Task goal — Gather all lines in the records below that include the word "small".

Data listing —
..............................

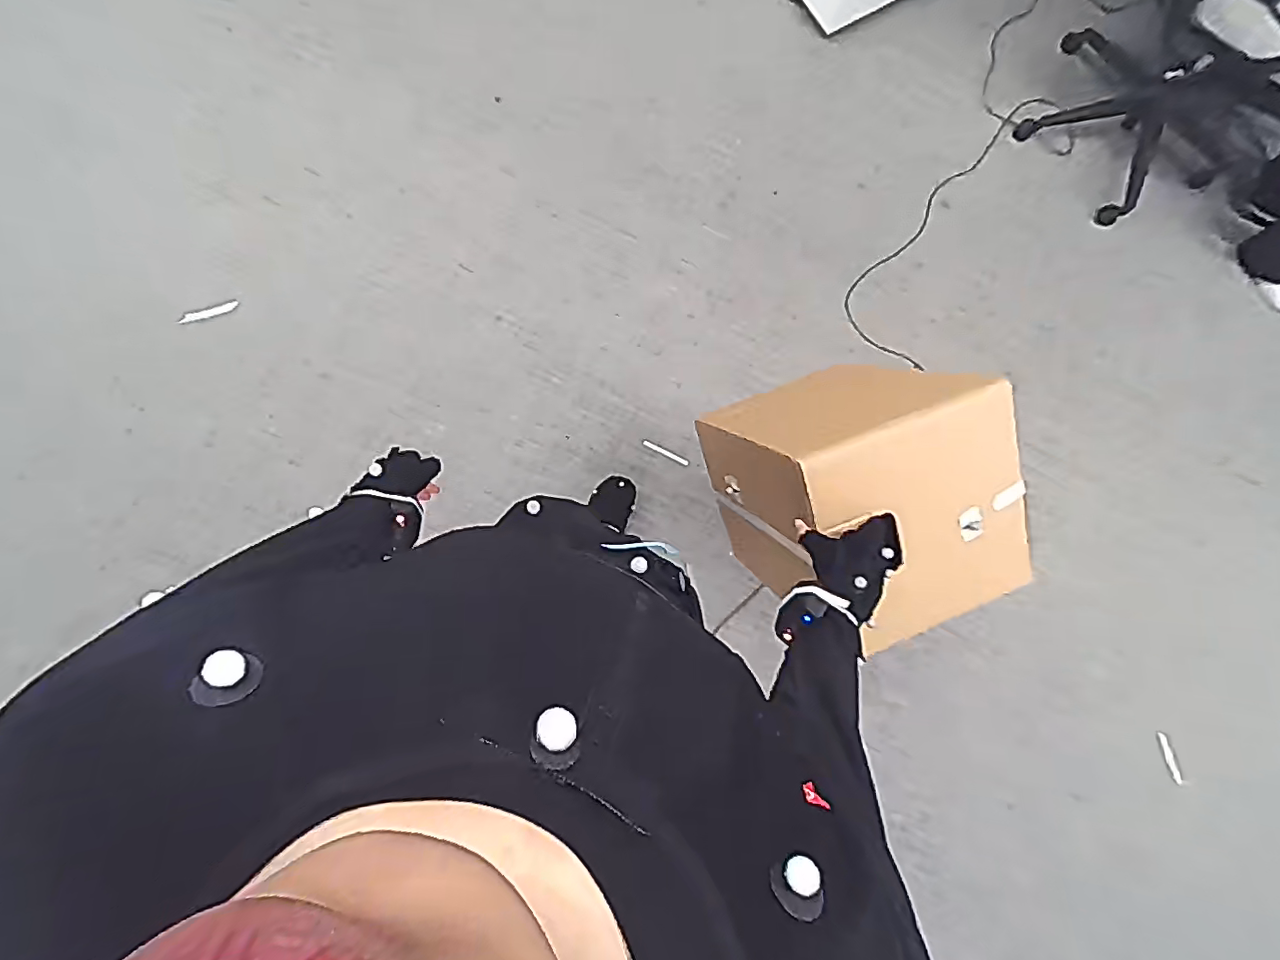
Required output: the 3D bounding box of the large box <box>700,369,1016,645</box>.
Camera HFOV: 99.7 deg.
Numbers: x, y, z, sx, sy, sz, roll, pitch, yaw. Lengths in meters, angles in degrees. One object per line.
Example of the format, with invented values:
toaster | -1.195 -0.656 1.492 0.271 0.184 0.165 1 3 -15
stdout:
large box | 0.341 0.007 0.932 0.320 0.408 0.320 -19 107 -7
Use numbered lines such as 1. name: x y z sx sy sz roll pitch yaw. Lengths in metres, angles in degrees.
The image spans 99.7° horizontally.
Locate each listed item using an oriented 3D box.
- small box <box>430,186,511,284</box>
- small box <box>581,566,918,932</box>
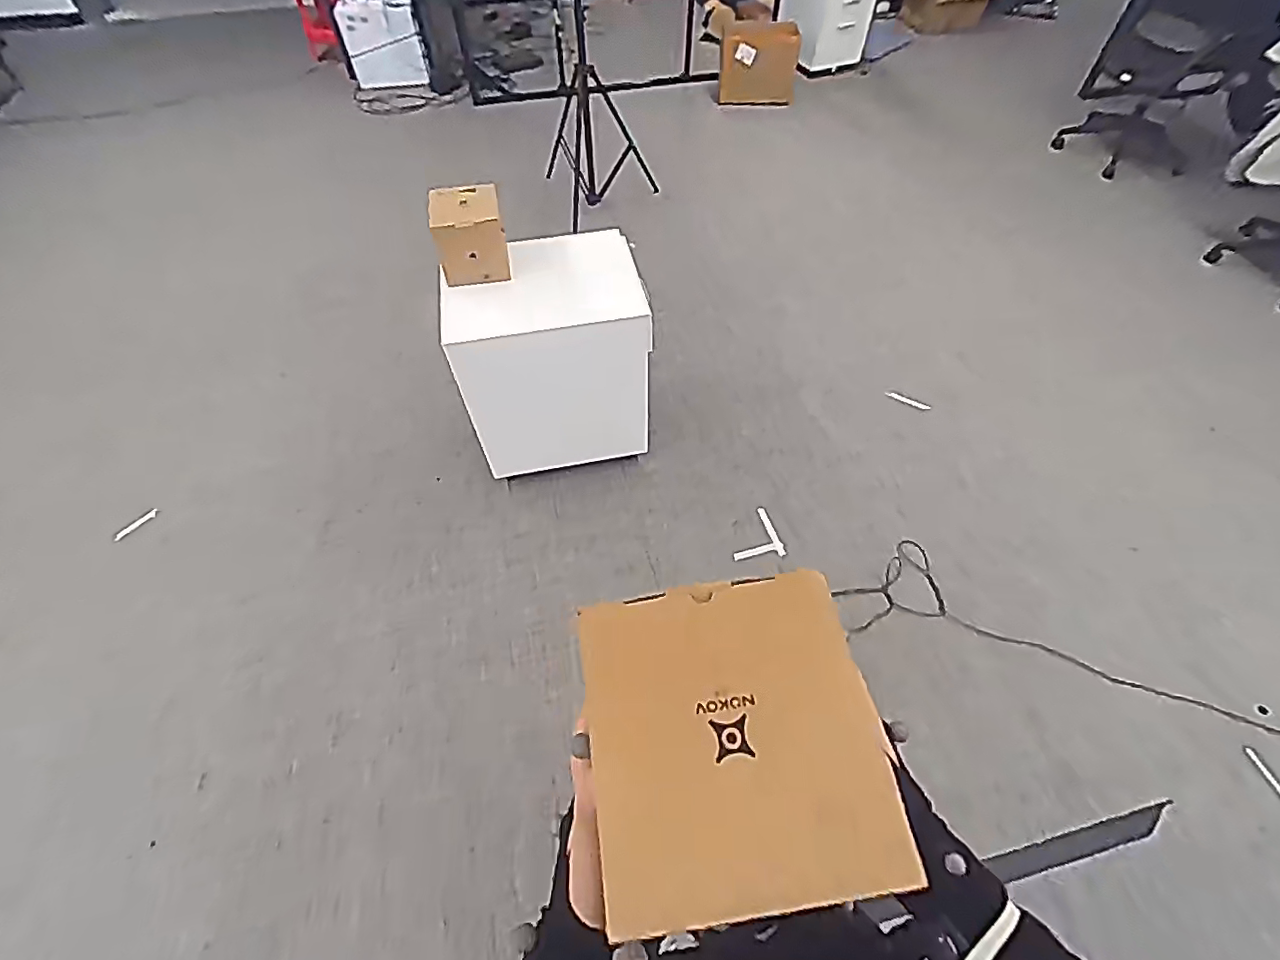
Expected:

..............................

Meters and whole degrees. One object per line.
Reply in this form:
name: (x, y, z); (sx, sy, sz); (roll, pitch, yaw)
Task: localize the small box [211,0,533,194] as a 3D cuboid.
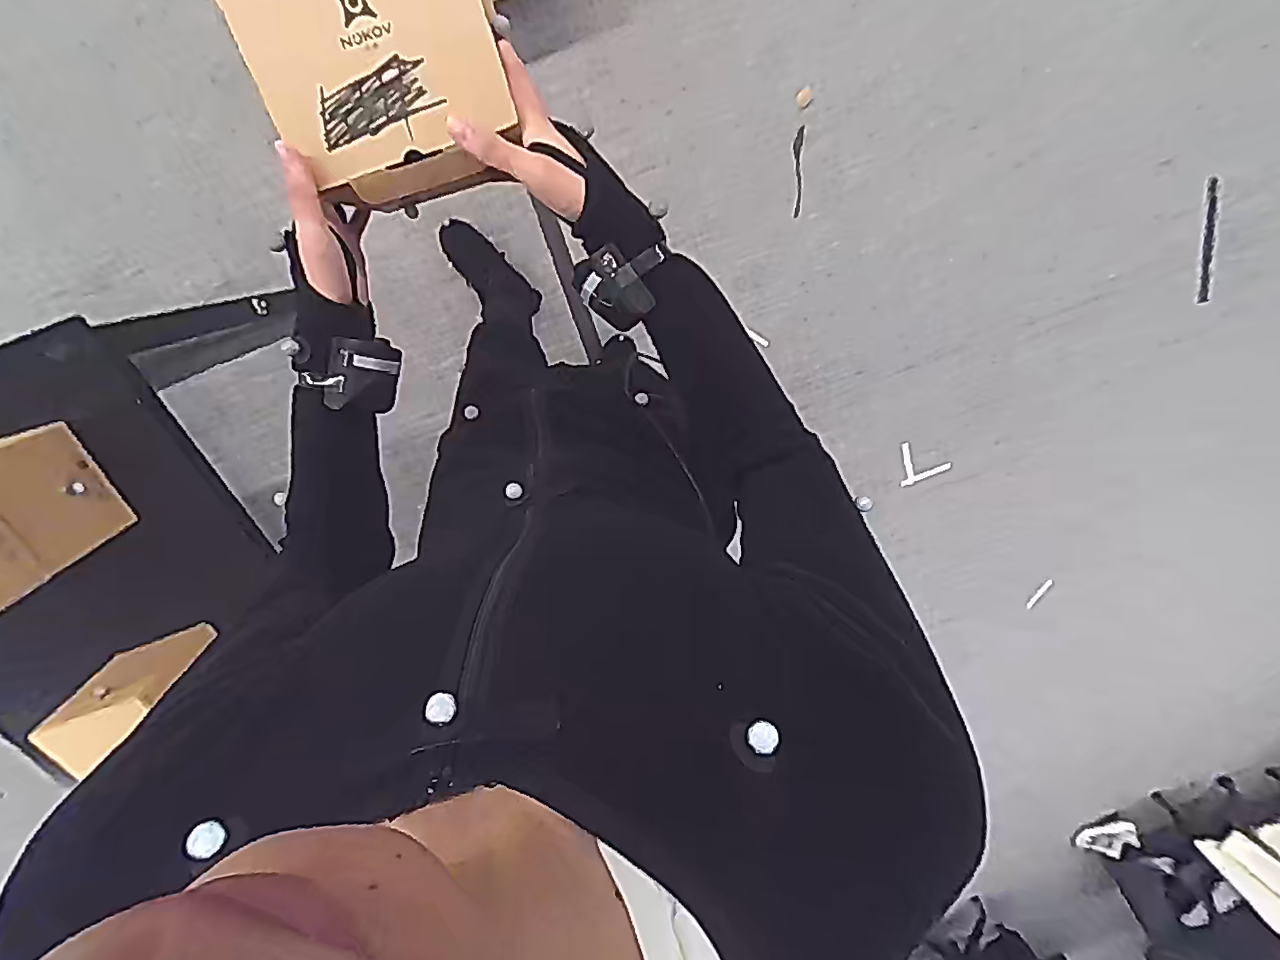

..............................

Reply —
- small box <box>430,186,511,284</box>
- small box <box>581,566,918,932</box>
Task: localize the small box [211,0,533,194] as a 3D cuboid.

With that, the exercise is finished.